I'm currently playing around with some go code, and have run into a small problem involving embedding which I can't find a satisfactory answer to. Given two types, one of which embeds the other, and which satisfy an interface, I'd like the embedded type to be able to reflect on properties of the embedder in order to provide default responses, so that the object doesn't have to define all the methods in the interface, unless they want to override.

In the toy example below, I would like to be able to define a hello() func on embedded which deals with the default case and just returns Name (NB this is a toy example, the real code is more complex and useful), WITHOUT requiring that the object defines all the methods on the interface explicitly. The real code uses reflection to divine the class name of the object type and construct names, and currently I'm calling base class helpers passing in an instance of the type, but this doesn't feel satisfactory.

package main
type MyInterface interface {
    hello() string
    //...
}

type Embedded struct {

}

func (e *Embedded) hello() string {
    name := "none"
    // Would like to be able to return name of object here *if* embedded
    // What's the best approach to tackle this?

    return name
}


type Object struct {
    *Embedded
    Name    string
}

/*
// Would like an *optional* override, with default being embedded somehow replying with data from Object
func (o *Object) hello() string {
    return o.Name
}
*/


func main() {
    o := &Object{Name:"My Object Name"}
    println("Hello world",o.hello())
}

On goplay:

http://play.golang.org/p/ClOOCef9Zb

I'd be interested to hear of other solutions in Go to this sort of issue (providing default functions which use properties of the embedding class) as well as a solution to this particular problem (if there is one). The only solution I have so far is either:

Require a redefinition of method hello() on all types satisfying this interface, and just give up on having a 'base' class which provides default methods Call embedded helper functions with a pointer to the object instance, so types can have mostly empty methods calling the embedded type.

If there are completely different approaches which would be valuable in Go and do not attempt to replicate the inheritance model I'd be interested to hear about them, so far this is the only time I've missed in inheritance...

A method's receiver is a / refers to an instance of the respective type T. There's no language supported way how to obtain any information about T being embedded in, say U while executing T's method:

type (
        T foo
        U struct {
                t T
                f baz
        }
)

func bar() {
        var t T
        var u U
        t.foo()
        u.t.foo()
}

func (t T) foo()  {} // t might be or be not embeded in u
func (t *T) qux() {} // *t might be or be not embeded in u

You're probably trying to use structural inheritance. That's not supported. There is composition of types by embedding, but that's not something analogous to a class hierarchy.

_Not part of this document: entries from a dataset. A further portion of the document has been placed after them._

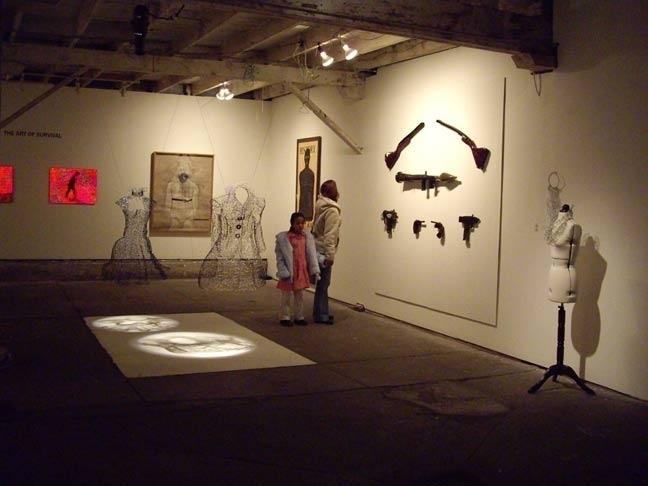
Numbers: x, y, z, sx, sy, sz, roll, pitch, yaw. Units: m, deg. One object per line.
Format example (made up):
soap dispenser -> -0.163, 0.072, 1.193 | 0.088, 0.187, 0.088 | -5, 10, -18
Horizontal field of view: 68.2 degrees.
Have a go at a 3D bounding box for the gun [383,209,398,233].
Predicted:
gun -> 1.027, -0.313, 7.507 | 0.108, 0.393, 0.321 | 1, 4, -27

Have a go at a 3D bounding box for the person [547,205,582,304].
person -> 2.298, 0.111, 4.616 | 0.275, 0.944, 0.175 | 4, 3, 28

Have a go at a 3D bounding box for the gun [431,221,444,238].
gun -> 1.580, -0.172, 6.679 | 0.066, 0.235, 0.273 | 1, 4, -22

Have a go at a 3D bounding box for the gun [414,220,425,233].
gun -> 1.376, -0.221, 6.975 | 0.065, 0.209, 0.252 | 1, 4, -26

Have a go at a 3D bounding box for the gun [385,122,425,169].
gun -> 1.192, -1.452, 7.279 | 0.060, 0.655, 0.878 | 0, 4, -31

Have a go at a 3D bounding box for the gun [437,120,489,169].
gun -> 1.805, -1.220, 6.153 | 0.602, 0.215, 0.387 | 44, -10, 17

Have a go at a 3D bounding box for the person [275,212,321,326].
person -> -0.387, 0.379, 6.818 | 0.634, 1.592, 0.711 | 2, 3, -7

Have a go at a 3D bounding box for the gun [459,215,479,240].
gun -> 1.879, -0.198, 6.185 | 0.285, 0.367, 0.074 | 3, 4, 11

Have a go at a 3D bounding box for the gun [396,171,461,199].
gun -> 1.429, -0.821, 6.808 | 0.162, 0.355, 1.201 | 0, 4, -31
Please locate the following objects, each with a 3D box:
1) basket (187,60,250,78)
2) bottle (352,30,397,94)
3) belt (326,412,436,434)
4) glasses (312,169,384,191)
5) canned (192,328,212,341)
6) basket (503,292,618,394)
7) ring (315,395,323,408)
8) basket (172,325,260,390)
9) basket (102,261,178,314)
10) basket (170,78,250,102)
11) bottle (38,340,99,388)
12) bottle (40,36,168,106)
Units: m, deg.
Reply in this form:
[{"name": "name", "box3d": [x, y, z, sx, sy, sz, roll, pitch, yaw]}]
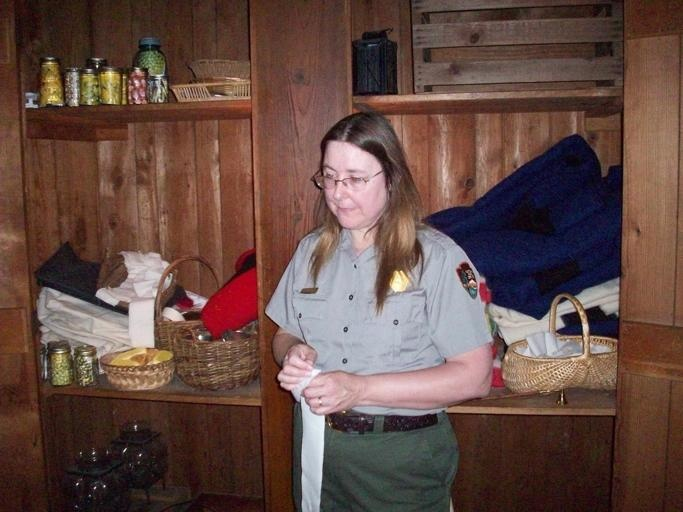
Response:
[{"name": "basket", "box3d": [-0.519, -0.798, 2.804, 0.256, 0.084, 0.067, 0, 4, 5]}, {"name": "bottle", "box3d": [0.137, -0.782, 2.683, 0.181, 0.262, 0.093, -1, 4, 0]}, {"name": "belt", "box3d": [0.138, 0.571, 2.237, 0.367, 0.070, 0.044, -1, 4, -1]}, {"name": "glasses", "box3d": [0.027, -0.257, 2.256, 0.234, 0.070, 0.081, 0, 4, 8]}, {"name": "canned", "box3d": [-0.575, 0.331, 2.722, 0.054, 0.036, 0.055, 0, 2, 0]}, {"name": "basket", "box3d": [0.778, 0.375, 2.662, 0.569, 0.389, 0.293, 3, -1, -7]}, {"name": "ring", "box3d": [-0.067, 0.476, 2.113, 0.025, 0.024, 0.009, 2, 6, 39]}, {"name": "basket", "box3d": [-0.508, 0.415, 2.674, 0.319, 0.146, 0.266, 1, -3, 3]}, {"name": "basket", "box3d": [-0.920, 0.118, 2.951, 0.303, 0.102, 0.267, 2, 31, -6]}, {"name": "basket", "box3d": [-0.520, -0.690, 2.734, 0.377, 0.108, 0.128, 0, 4, 16]}, {"name": "bottle", "box3d": [-1.141, 0.464, 2.807, 0.296, 0.211, 0.150, 6, 3, -1]}, {"name": "bottle", "box3d": [-0.985, -0.769, 2.770, 0.575, 0.276, 0.286, 0, 13, -3]}]
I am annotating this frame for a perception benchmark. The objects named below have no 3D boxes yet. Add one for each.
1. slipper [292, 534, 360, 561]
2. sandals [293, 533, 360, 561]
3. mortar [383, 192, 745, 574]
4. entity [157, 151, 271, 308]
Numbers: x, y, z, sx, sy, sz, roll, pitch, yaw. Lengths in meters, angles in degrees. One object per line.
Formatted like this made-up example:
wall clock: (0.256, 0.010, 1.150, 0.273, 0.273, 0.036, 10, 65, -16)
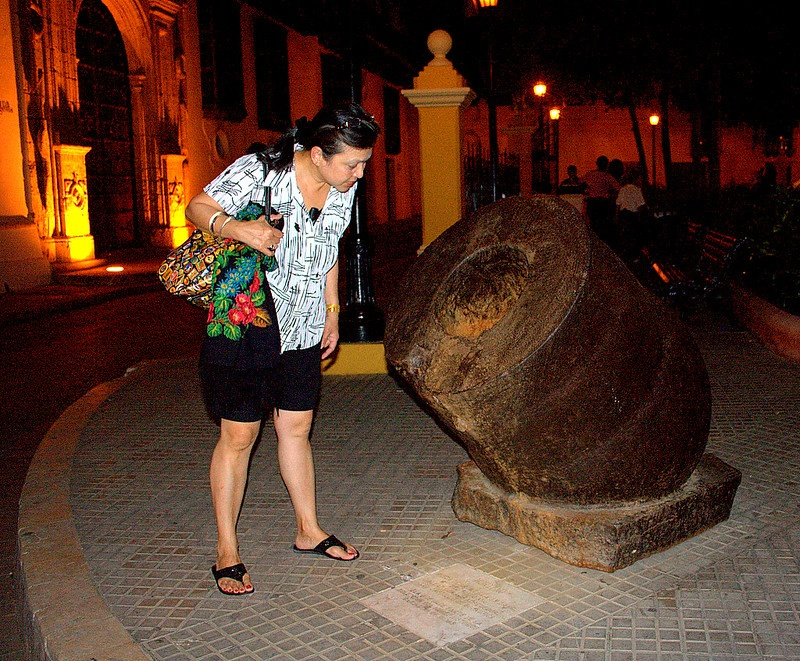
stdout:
slipper: (-0.321, 0.917, 2.824, 0.257, 0.071, 0.104, 0, 4, 29)
sandals: (-0.337, 0.923, 2.839, 0.258, 0.073, 0.104, 0, 3, 29)
mortar: (0.748, 0.179, 3.056, 1.468, 1.571, 1.175, -10, 12, -27)
entity: (-0.656, -0.329, 2.546, 0.407, 0.536, 0.226, 35, -5, 4)
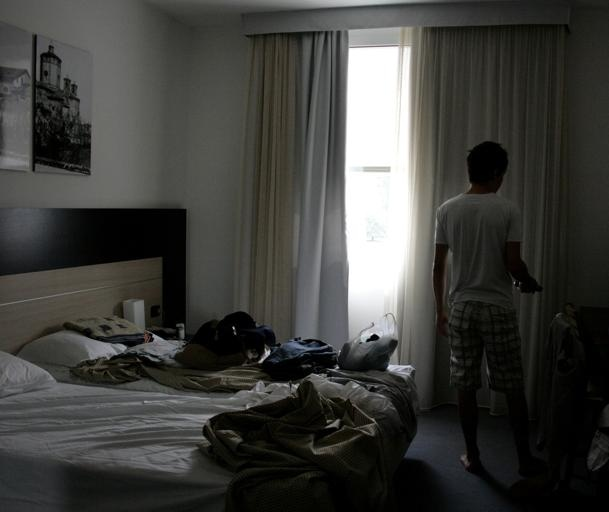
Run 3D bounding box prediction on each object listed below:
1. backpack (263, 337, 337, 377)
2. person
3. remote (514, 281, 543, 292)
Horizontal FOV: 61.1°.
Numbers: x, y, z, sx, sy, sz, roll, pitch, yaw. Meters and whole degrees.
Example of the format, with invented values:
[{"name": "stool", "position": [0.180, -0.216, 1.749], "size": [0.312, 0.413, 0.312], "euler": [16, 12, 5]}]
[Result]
[{"name": "backpack", "position": [-0.029, 0.603, 3.057], "size": [0.196, 0.120, 0.273], "euler": [-2, 0, 22]}, {"name": "person", "position": [1.008, 0.308, 2.851], "size": [0.610, 1.845, 0.320], "euler": [3, 9, 24]}, {"name": "remote", "position": [1.190, 0.158, 2.723], "size": [0.103, 0.052, 0.084], "euler": [1, 4, -1]}]
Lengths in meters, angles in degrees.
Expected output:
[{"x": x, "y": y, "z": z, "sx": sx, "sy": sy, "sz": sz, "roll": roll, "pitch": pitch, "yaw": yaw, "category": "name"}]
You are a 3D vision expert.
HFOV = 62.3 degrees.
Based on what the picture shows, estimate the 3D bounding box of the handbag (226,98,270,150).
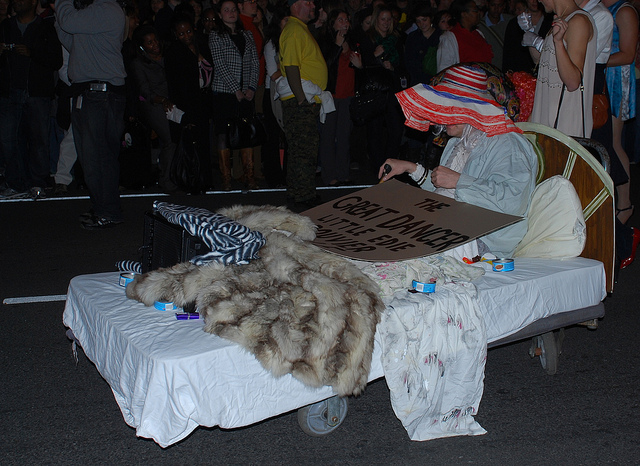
[{"x": -1.018, "y": -1.496, "z": 7.386, "sx": 0.616, "sy": 0.921, "sz": 0.296, "roll": -9, "pitch": 29, "yaw": -7, "category": "handbag"}]

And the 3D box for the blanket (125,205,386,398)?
[{"x": -0.292, "y": 0.278, "z": 2.671, "sx": 0.927, "sy": 0.285, "sz": 1.383, "roll": -27, "pitch": 36, "yaw": -30, "category": "blanket"}]

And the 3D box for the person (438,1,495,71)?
[{"x": 1.997, "y": -2.728, "z": 7.295, "sx": 0.790, "sy": 0.887, "sz": 0.469, "roll": -16, "pitch": 21, "yaw": -38, "category": "person"}]

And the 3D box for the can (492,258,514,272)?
[{"x": 1.052, "y": 0.181, "z": 3.036, "sx": 0.119, "sy": 0.062, "sz": 0.133, "roll": 4, "pitch": 19, "yaw": 19, "category": "can"}]

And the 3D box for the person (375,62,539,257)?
[{"x": 0.849, "y": -0.618, "z": 3.997, "sx": 1.028, "sy": 1.919, "sz": 1.242, "roll": -8, "pitch": 25, "yaw": -1, "category": "person"}]

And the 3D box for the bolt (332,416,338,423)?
[{"x": 0.078, "y": 0.942, "z": 2.689, "sx": 0.030, "sy": 0.037, "sz": 0.004, "roll": -15, "pitch": 20, "yaw": -35, "category": "bolt"}]

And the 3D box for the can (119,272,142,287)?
[{"x": -1.031, "y": 0.242, "z": 2.864, "sx": 0.075, "sy": 0.035, "sz": 0.078, "roll": 1, "pitch": 9, "yaw": 0, "category": "can"}]

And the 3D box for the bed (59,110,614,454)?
[{"x": 0.221, "y": 0.059, "z": 3.283, "sx": 2.760, "sy": 1.536, "sz": 2.004, "roll": -7, "pitch": 15, "yaw": -21, "category": "bed"}]

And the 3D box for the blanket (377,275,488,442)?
[{"x": 0.571, "y": 0.688, "z": 2.717, "sx": 0.651, "sy": 0.773, "sz": 0.284, "roll": -9, "pitch": 17, "yaw": -21, "category": "blanket"}]
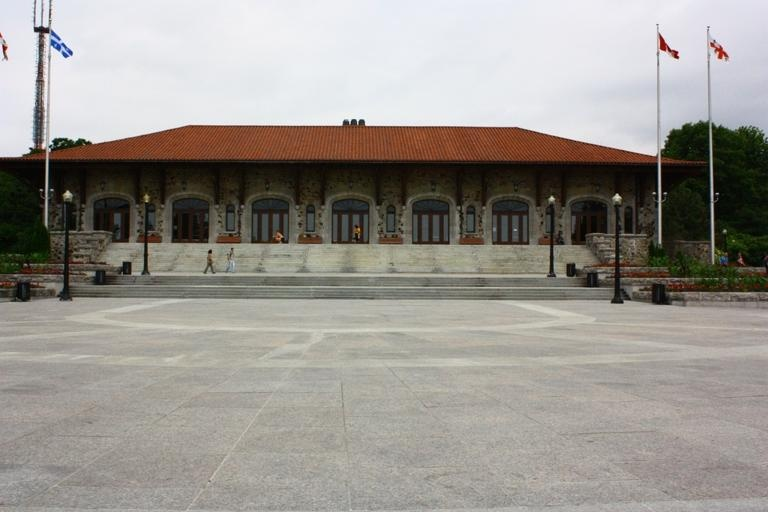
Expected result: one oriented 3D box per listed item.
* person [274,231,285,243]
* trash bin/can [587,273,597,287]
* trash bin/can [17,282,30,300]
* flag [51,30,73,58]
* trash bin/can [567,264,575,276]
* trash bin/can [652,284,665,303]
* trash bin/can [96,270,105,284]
[{"bbox_3d":[-7.064,-1.286,49.685,0.589,1.288,0.764,-1,44,-12],"label":"person"},{"bbox_3d":[9.651,1.060,34.144,0.575,0.605,0.566,0,-5,0],"label":"trash bin/can"},{"bbox_3d":[-14.172,1.345,28.918,0.421,0.730,0.417,-5,11,-29],"label":"trash bin/can"},{"bbox_3d":[-17.359,-11.343,39.430,0.957,1.425,4.237,-4,10,-24],"label":"flag"},{"bbox_3d":[9.674,0.620,38.041,0.431,0.621,0.593,2,10,12],"label":"trash bin/can"},{"bbox_3d":[11.393,1.544,30.439,0.577,0.723,0.633,3,10,18],"label":"trash bin/can"},{"bbox_3d":[-13.170,0.930,34.133,0.471,0.617,0.795,-4,10,-21],"label":"trash bin/can"}]
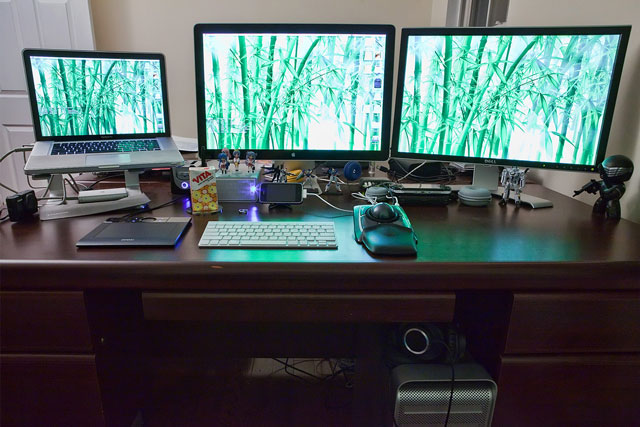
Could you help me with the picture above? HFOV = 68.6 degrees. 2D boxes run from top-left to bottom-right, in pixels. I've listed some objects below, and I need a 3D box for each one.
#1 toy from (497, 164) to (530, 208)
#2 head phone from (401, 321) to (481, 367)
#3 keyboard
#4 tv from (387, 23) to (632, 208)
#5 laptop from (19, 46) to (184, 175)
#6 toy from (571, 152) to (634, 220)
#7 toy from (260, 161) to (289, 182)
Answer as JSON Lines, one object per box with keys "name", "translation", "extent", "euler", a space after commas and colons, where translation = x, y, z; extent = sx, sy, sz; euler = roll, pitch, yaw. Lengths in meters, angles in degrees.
{"name": "toy", "translation": [0.777, -0.128, 1.922], "extent": [0.113, 0.200, 0.119], "euler": [-8, 19, -12]}
{"name": "head phone", "translation": [0.426, 0.459, 1.692], "extent": [0.234, 0.128, 0.195], "euler": [-1, 12, -7]}
{"name": "keyboard", "translation": [-0.177, 0.070, 1.587], "extent": [0.449, 0.022, 0.170], "euler": [0, 28, -1]}
{"name": "tv", "translation": [0.744, -0.389, 1.820], "extent": [0.827, 0.667, 0.206], "euler": [3, 11, 9]}
{"name": "laptop", "translation": [-0.873, -0.317, 2.061], "extent": [0.787, 0.499, 0.508], "euler": [-6, 33, -18]}
{"name": "toy", "translation": [1.072, -0.103, 1.805], "extent": [0.184, 0.240, 0.159], "euler": [-1, 17, -12]}
{"name": "toy", "translation": [-0.207, -0.186, 2.120], "extent": [0.120, 0.049, 0.152], "euler": [1, 15, -5]}
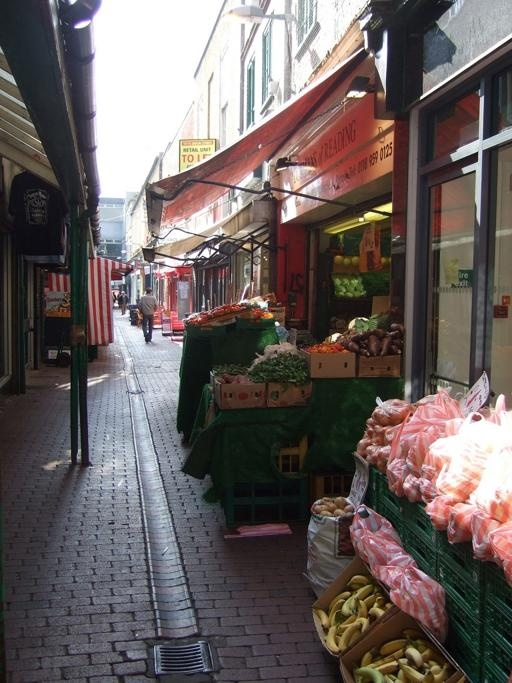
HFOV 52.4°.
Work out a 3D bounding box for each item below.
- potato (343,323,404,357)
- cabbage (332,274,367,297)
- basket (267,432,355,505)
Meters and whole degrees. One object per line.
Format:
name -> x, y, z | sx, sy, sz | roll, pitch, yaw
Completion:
potato -> 1.083, -0.001, 4.812 | 0.345, 0.115, 0.367 | -4, 13, 1
cabbage -> 1.732, -1.053, 9.842 | 0.454, 0.495, 0.142 | -5, -2, -18
basket -> 0.447, 1.085, 4.336 | 0.710, 0.512, 0.174 | 1, 0, -14
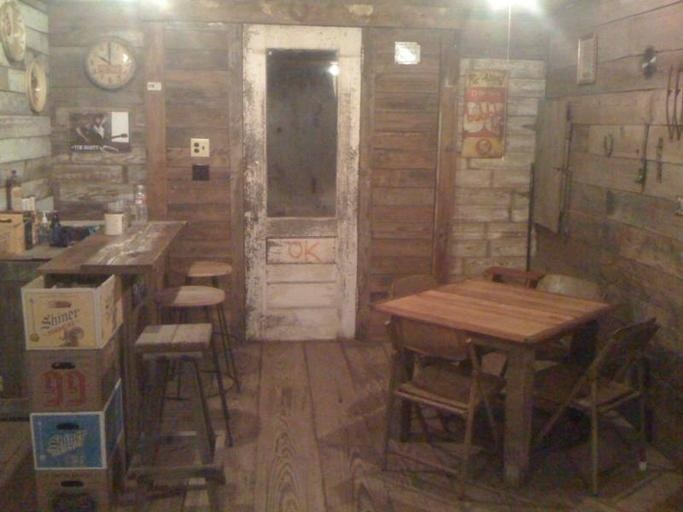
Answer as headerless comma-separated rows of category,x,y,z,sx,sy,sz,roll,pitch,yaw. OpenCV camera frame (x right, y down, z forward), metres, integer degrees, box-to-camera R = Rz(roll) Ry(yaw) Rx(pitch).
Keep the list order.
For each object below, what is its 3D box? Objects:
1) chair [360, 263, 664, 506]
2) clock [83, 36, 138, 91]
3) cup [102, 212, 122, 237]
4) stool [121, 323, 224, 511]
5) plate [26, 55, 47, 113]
chair,1.051,0.752,3.470,1.674,0.957,1.098,-5,15,-17
clock,-2.005,-1.665,4.877,0.436,0.419,0.088,8,9,-8
cup,-1.653,-0.223,4.085,0.157,0.165,0.146,2,5,0
stool,-0.964,0.850,3.314,0.572,0.853,1.039,-4,15,-12
plate,-2.498,-1.392,4.615,0.093,0.436,0.417,-5,15,-16
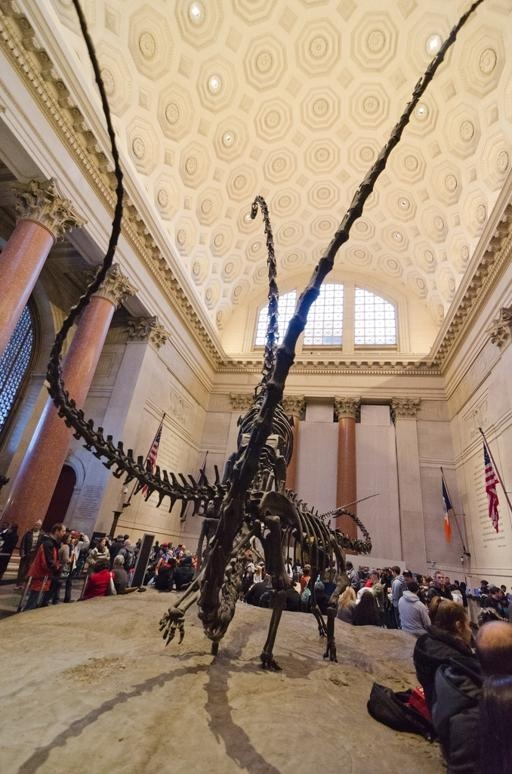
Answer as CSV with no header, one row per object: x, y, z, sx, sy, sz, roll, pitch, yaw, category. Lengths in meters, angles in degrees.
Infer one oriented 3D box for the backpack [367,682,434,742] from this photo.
0.835,1.787,2.001,0.315,0.162,0.387,7,-23,-11,backpack
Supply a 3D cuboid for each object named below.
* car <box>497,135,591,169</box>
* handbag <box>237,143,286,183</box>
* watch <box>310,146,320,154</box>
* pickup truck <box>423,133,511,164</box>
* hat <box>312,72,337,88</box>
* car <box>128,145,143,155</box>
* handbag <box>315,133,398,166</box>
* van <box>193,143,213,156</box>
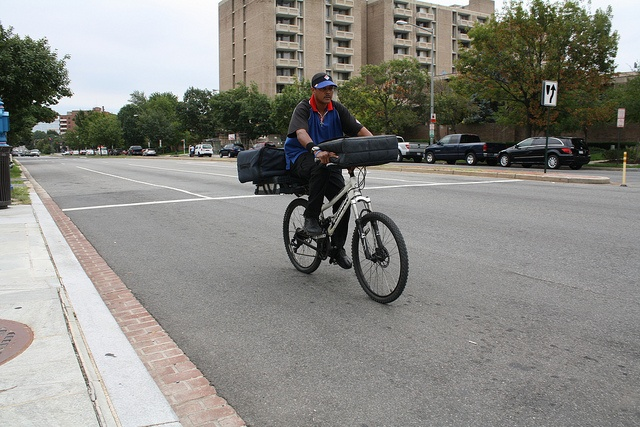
[{"bbox_3d":[11.970,-3.246,26.116,1.895,1.413,4.089,-3,9,-28],"label":"car"},{"bbox_3d":[-0.714,-0.593,6.165,0.670,0.431,0.556,1,4,44],"label":"handbag"},{"bbox_3d":[-0.044,-0.666,5.159,0.083,0.078,0.080,-16,18,-39],"label":"watch"},{"bbox_3d":[9.095,-4.206,30.937,2.157,1.544,4.392,-6,12,-35],"label":"pickup truck"},{"bbox_3d":[0.023,-1.469,5.429,0.170,0.118,0.220,-6,8,-27],"label":"hat"},{"bbox_3d":[-36.536,-12.462,97.390,2.281,1.723,6.167,-6,13,-27],"label":"car"},{"bbox_3d":[0.418,-0.653,5.165,0.852,0.334,0.398,-1,12,-5],"label":"handbag"},{"bbox_3d":[-15.597,-8.544,65.466,1.645,1.008,3.001,-6,12,-26],"label":"van"}]
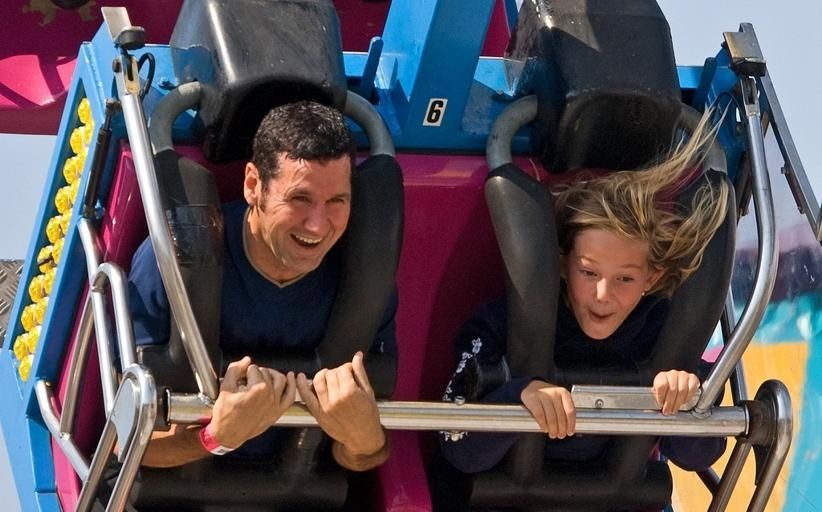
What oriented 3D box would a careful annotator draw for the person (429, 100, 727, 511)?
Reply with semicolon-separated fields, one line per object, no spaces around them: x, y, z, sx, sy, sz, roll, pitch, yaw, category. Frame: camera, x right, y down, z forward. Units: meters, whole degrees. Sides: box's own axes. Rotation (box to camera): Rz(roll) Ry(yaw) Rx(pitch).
0.528;0.200;2.720;0.860;1.175;0.615;0;12;-4;person

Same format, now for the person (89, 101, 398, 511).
-0.414;0.178;2.611;0.757;1.175;0.621;0;12;-3;person

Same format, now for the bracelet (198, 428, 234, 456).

OTOH, Go interfaces support inheritance and method overriding, so that may be the way. Just note that in this case the inheritance is behavioral, not structural.

To tackle this I've decided to ditch the ersatz inheritance, and specify the information the model needs to share in an interface (the lack of automatic attribute accessors for fields here is a little annoying, the object above has to explicitly export these to allow anyone passing a MyInterface ref around to use them, the field Name is public but not accessible even if Name() string is defined on the Interface).

The model then calls helper functions in another package, and supplies itself as a parameter where that is useful, and as it conforms to MyInterface it can be interrogated that way. So it (and other MyInterface objects like it) can have complex operations done using their public information and act as a facade. Obviously in the trivial example above this is pointless but I wanted to share code from a package between several MyInterface types, and will now go with this approach rather than embedding.

So my main takeaway here, as pointed out by jnml above, is that embedding is not useful for mixing in functions that rely on instance state, and is not a straightforward replacement for a base class in an inheritance hierarchy. Obvious perhaps if you have been working with Go for a while...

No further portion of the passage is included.